• Mucosal_antibody_response

Rethinking Mucosal Antibody Responses: IgM, IgG, and IgD join IgA

Nicole Lawlor, Sophie Alton Heath, Victoria Stockman

Abstract

Mucosal Humoral immune responses are usually focused on IgA. In the gut, IgA contributes to the establishment of a mutualistic host–microbiota relationship that is required to maintain homeostasis and prevent disease. This essay discusses how mucosal IgA responses occur in a complex humoral defence network that involves IgM, IgG and IgD. We compare and discuss how IgM, IgG and IgD strengthen communication between mucosal and systemic immune responses .

Introduction

Mucosal IgA have 2 forms Dimeric or Monomeric and Dimeric IgAs control bacteria in the intestinal mucosa. Mucosal IgM is the first line of humoral defence and helps in tissue homeostasis. It is thought that SIgM could cooperate with SIgA to maintain beneficial commensals within gut mucus. Mucosal IgG responds to infection in reproductive and respiratory tract. Mucosal IgD orginates from IgM by class switch recombination.

Mucosal IgA

IgA is the most abundant antibody in mucosal secretions (Cerutti et al, 2011). The gut mucosa is a dynamic interface encompassing an epithelial monolayer that separates the local immune system from diverse communities of commensal bacteria. Commensal bacteria is bacteria that lives in the gut and has a neutral relationship with gut cells (Gutzeit et al, 2014). Gut microbiota allows the intestinal mucosa to fight against pathogens and breakdown food components into vitamins. Commensals stimulate intestinal epithelial cells and increase local immune system (Bäckhed et al, 2005).

IgAs formed by class switch recombination of intestinal B cells by T cell independent and T cell dependent pathways (Fagarasan et al, 2012). In humans we have 2 types of IgA Dimeric intestinal IgA, also called secretory IgA (sIgA) or IgA1 Monomeric serum IgA or IgA2 Whereas mice for example have dimeric IgA is in both gut and serum.

IgA in the gut

Mucosal IgAs interaction with gut bacteria.
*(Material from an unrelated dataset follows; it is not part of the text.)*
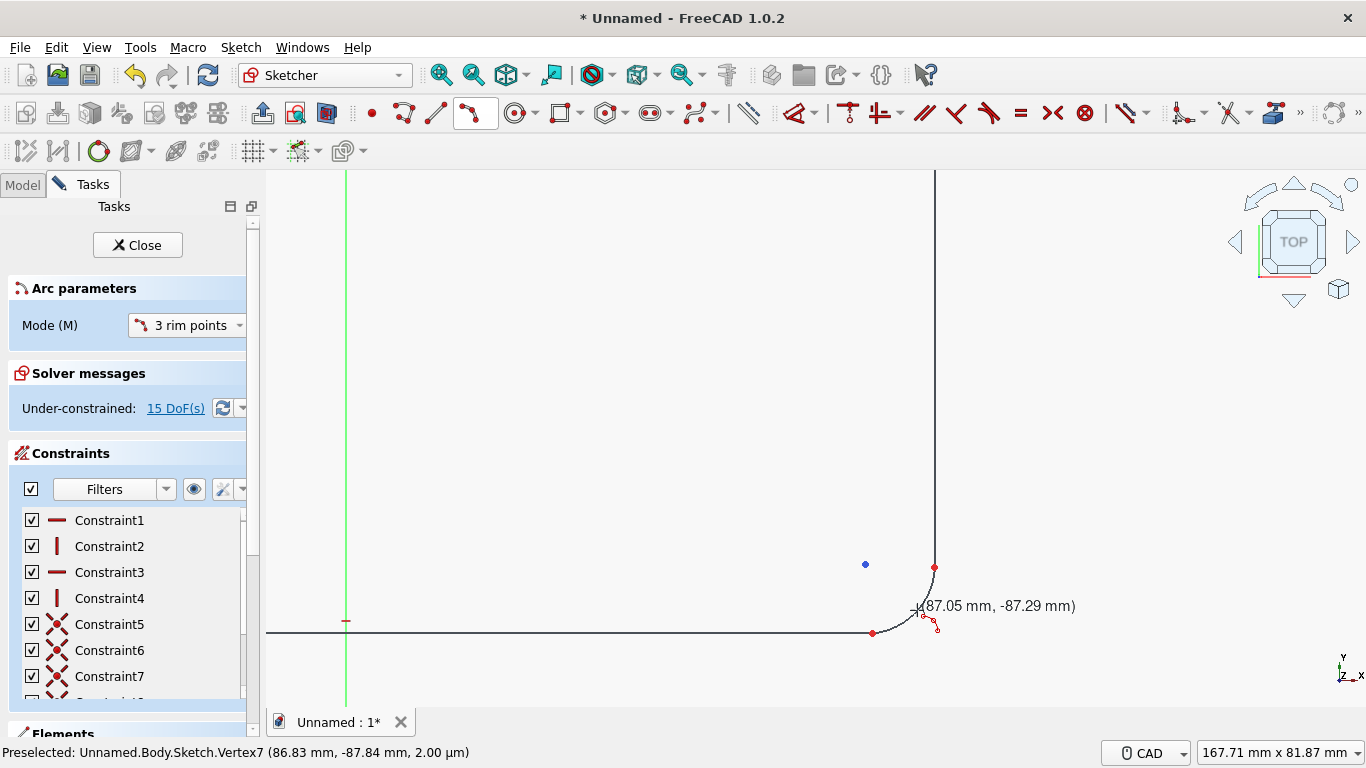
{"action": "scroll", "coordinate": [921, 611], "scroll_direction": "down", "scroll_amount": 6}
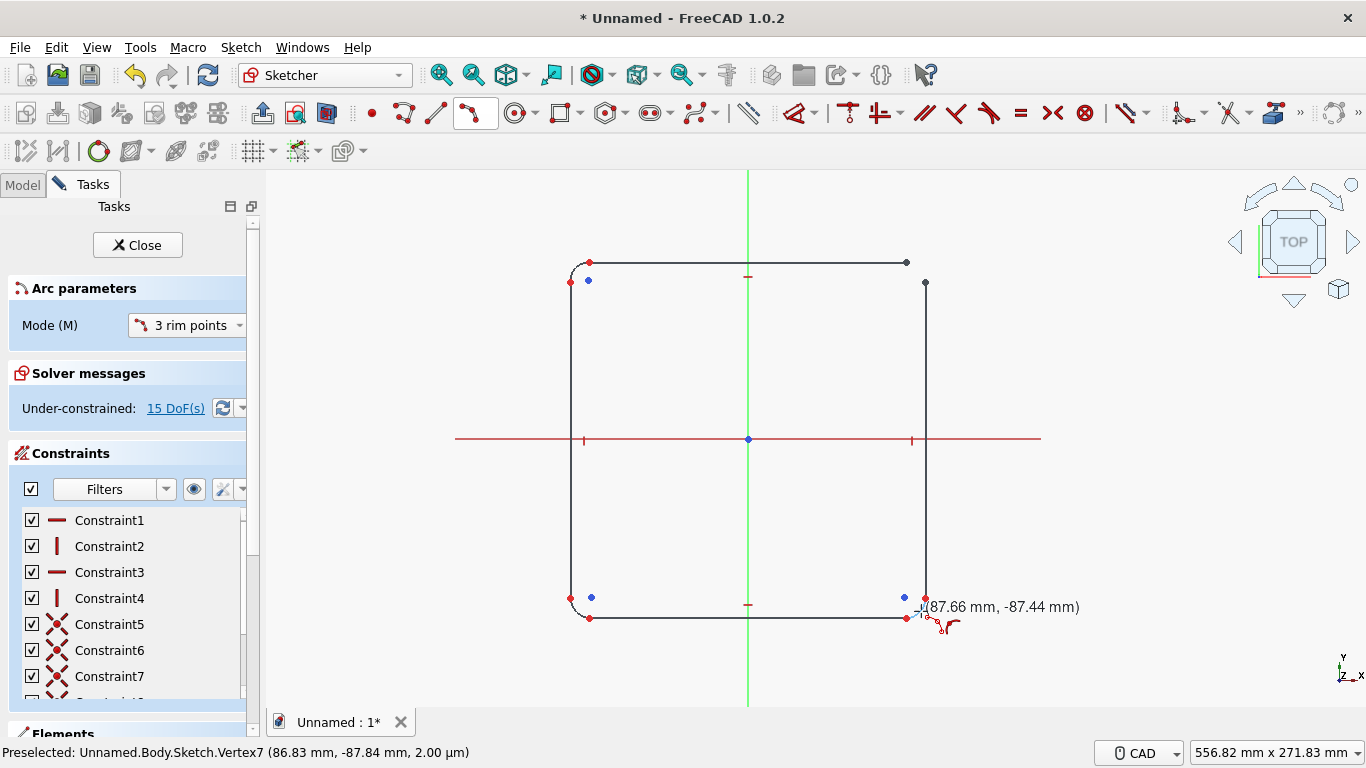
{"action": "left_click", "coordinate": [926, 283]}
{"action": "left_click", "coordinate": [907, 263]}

Microbes stimulate the production of IgA, which controls bacterial translocation and neutralizes bacterial toxins at the intestinal mucosal surface. It is now clear that IgA can function in high-affinity modes for neutralization of toxins and pathogenic microbes, and as a low-affinity system to contain the dense commensal microbiota within the intestinal lumen (Macpherson et al, 2008).

Induction of IgA response

Intestinal IgA production in Peyer’s patches - antigens in the gut initiate mucosal IgA production as gut IgA B cells enter via follicle associated epithelium of Payors Patch and isolated lymphoid follicles in the intestine this causes an immune response by circulation through lymph and bloodstream. They put precursor plasma cells in mucosa which then produce dimeric IgA cells, exported through intestinal epithelium (Macpherson et al, 2008)(Lycke and Bemark, 2012). Multiple germinal centre in Payors patch work synchronously to quality control the gut IgA responses.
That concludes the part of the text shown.